- WHAT IS EXPECTED: Starting with the line with "How many unread" in the entries below and going on through the line with "<formula> <loc_0><loc_0><loc_500><loc_500>X ^", output every line exactly and nothing more. No pictures.

*** MATERIALS PROVIDED ***

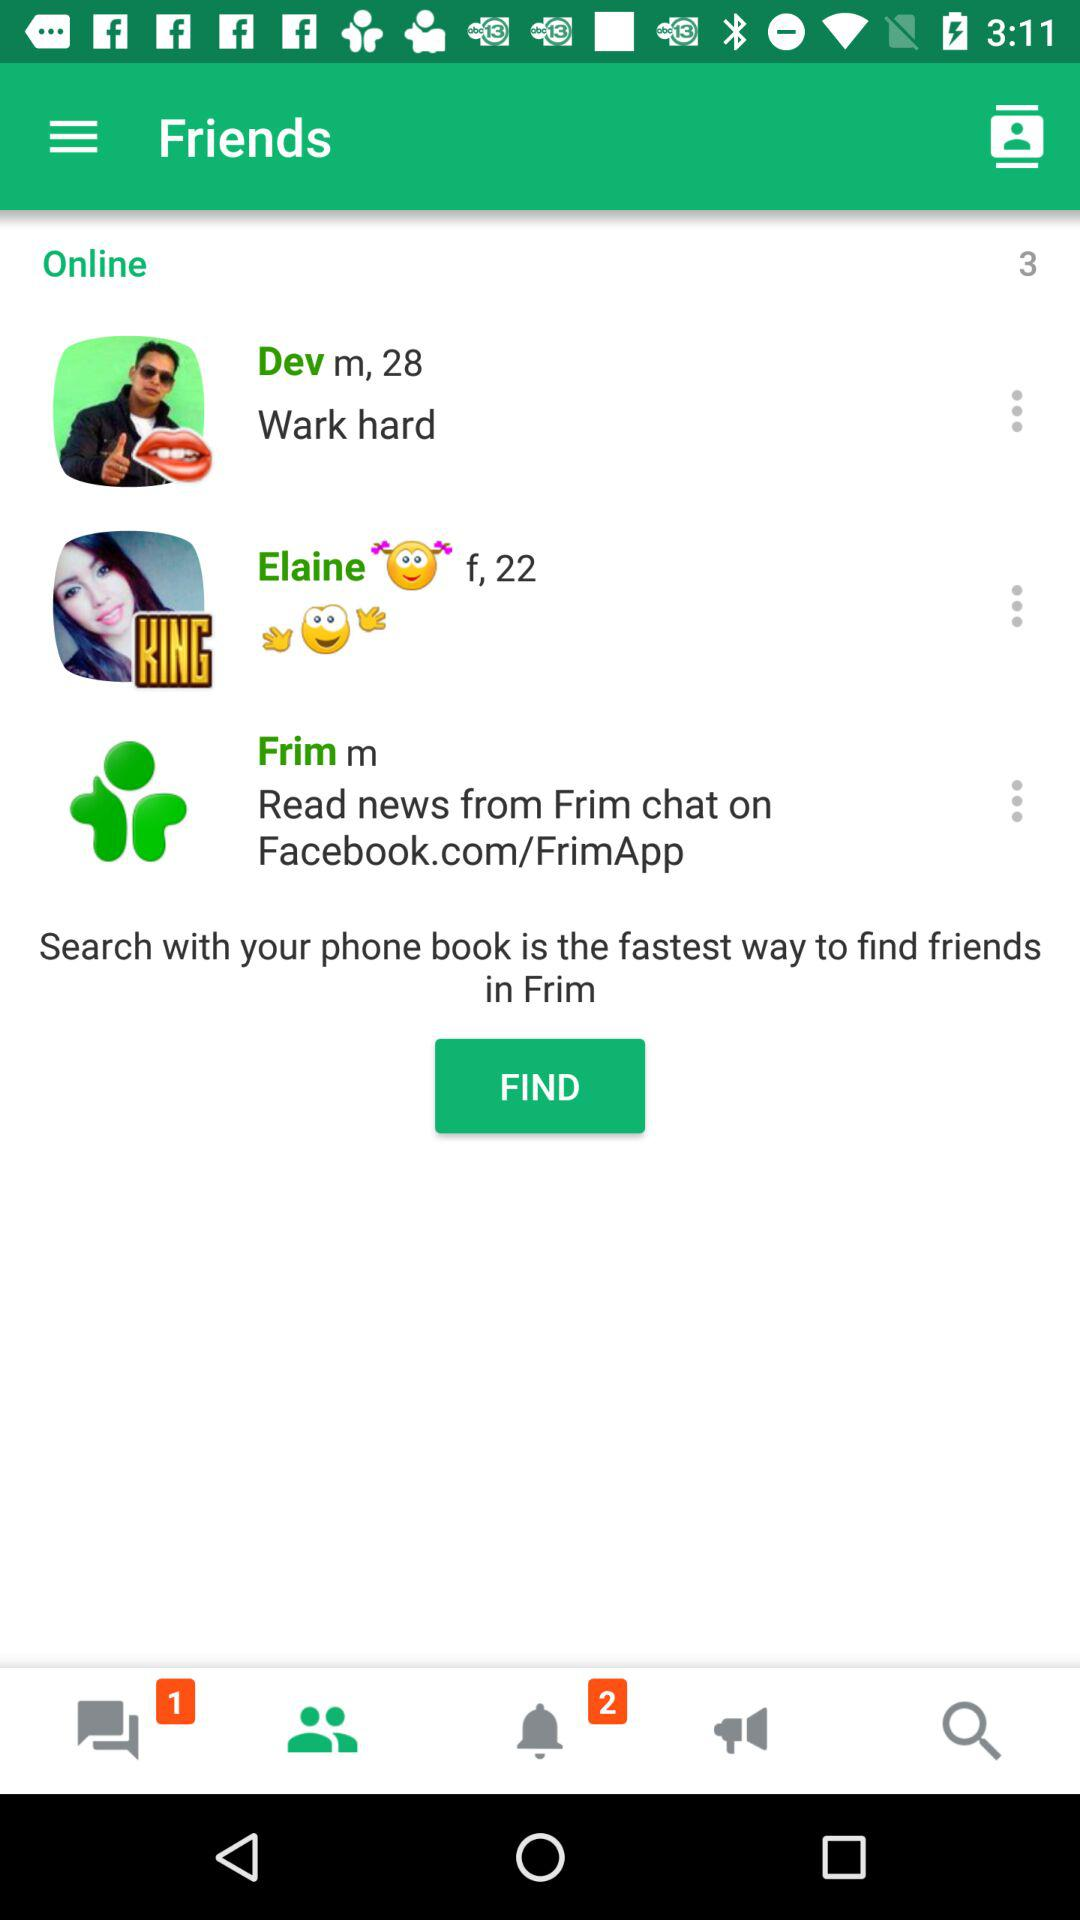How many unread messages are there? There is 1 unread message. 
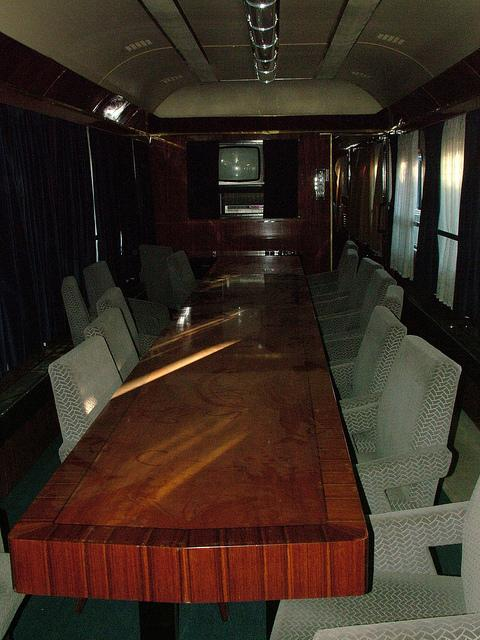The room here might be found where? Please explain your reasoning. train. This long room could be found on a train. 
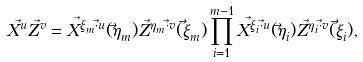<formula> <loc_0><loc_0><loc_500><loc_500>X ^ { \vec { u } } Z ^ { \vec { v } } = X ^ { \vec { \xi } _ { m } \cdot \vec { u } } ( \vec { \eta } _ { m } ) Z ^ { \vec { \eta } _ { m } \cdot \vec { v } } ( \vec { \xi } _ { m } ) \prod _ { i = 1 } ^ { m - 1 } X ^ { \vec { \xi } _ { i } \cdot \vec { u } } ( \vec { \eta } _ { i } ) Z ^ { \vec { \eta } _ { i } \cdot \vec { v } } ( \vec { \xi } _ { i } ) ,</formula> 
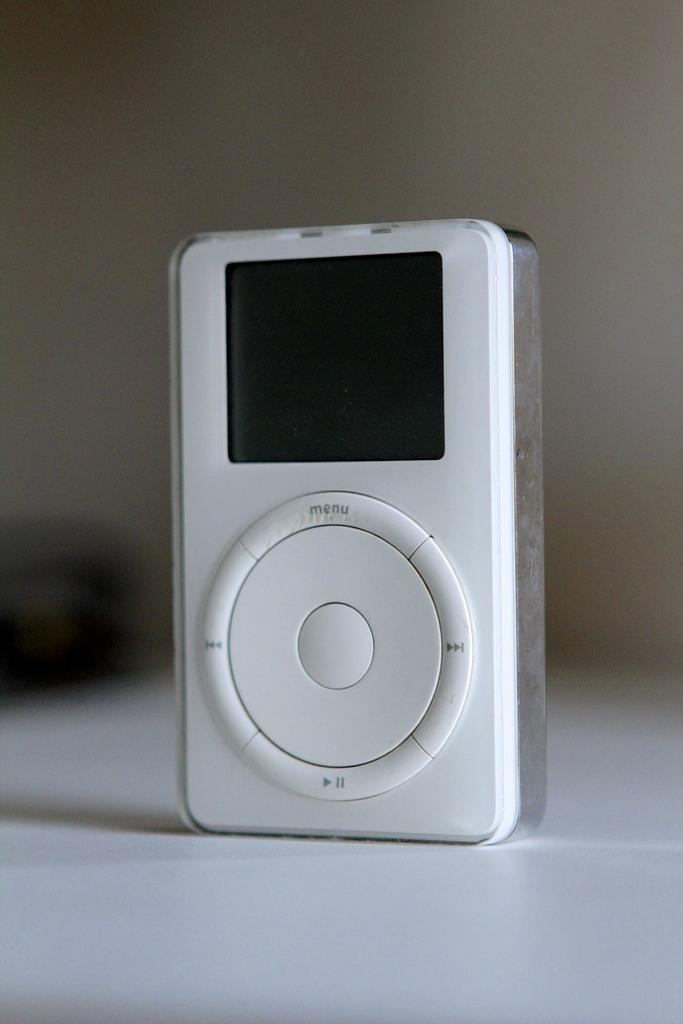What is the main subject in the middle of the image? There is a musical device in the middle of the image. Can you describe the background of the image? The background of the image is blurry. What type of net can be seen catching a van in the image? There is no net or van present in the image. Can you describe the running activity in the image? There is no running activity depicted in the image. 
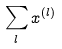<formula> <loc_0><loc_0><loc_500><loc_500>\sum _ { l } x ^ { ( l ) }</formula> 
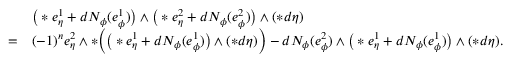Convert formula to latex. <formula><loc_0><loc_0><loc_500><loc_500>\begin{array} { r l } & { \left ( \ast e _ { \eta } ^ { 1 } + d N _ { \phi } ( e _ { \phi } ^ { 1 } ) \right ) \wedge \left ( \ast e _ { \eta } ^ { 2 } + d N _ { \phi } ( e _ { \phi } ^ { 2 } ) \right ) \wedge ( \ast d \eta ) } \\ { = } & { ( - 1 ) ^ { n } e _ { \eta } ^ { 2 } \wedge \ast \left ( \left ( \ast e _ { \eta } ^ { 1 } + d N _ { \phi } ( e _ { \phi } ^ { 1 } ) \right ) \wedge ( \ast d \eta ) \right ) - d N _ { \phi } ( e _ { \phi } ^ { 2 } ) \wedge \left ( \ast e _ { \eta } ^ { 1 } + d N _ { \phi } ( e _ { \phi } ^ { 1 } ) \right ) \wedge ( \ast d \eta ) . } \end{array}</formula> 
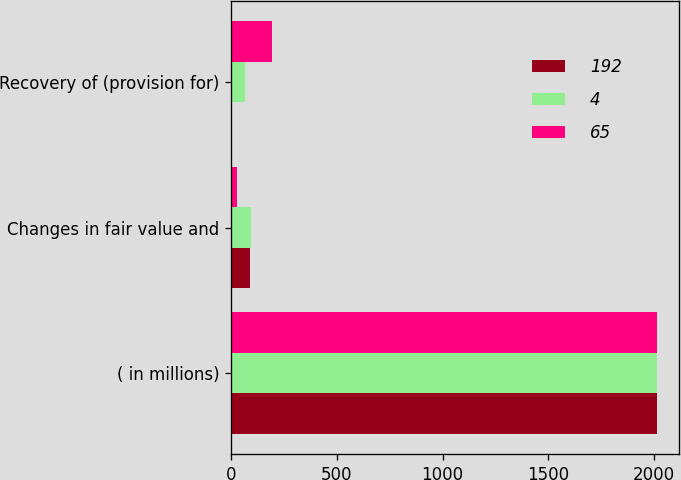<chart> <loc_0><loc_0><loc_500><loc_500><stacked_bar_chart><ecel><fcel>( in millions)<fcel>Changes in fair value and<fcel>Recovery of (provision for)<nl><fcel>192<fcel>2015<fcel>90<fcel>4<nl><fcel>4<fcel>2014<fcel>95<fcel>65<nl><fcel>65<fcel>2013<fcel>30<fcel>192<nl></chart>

*** End of MATERIALS PROVIDED ***
*** MATERIALS PROVIDED ***

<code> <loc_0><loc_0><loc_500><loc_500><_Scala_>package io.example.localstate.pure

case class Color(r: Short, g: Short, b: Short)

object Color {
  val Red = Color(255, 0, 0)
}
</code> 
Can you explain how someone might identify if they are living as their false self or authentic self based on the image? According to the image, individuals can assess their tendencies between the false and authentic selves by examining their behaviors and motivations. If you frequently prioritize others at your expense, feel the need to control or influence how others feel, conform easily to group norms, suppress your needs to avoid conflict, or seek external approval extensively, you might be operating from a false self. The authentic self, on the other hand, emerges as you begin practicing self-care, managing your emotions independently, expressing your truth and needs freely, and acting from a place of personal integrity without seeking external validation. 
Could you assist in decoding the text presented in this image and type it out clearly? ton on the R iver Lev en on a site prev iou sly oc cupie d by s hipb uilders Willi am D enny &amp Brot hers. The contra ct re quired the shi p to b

*** End of MATERIALS PROVIDED ***

- FINAL ANSWER:
How many unread messages are there? There is 1 unread message. 
The room here might be found where? Please explain your reasoning. train. This long room could be found on a train. 
<formula> <loc_0><loc_0><loc_500><loc_500>X ^ { \vec { u } } Z ^ { \vec { v } } = X ^ { \vec { \xi } _ { m } \cdot \vec { u } } ( \vec { \eta } _ { m } ) Z ^ { \vec { \eta } _ { m } \cdot \vec { v } } ( \vec { \xi } _ { m } ) \prod _ { i = 1 } ^ { m - 1 } X ^ { \vec { \xi } _ { i } \cdot \vec { u } } ( \vec { \eta } _ { i } ) Z ^ { \vec { \eta } _ { i } \cdot \vec { v } } ( \vec { \xi } _ { i } ) ,</formula> 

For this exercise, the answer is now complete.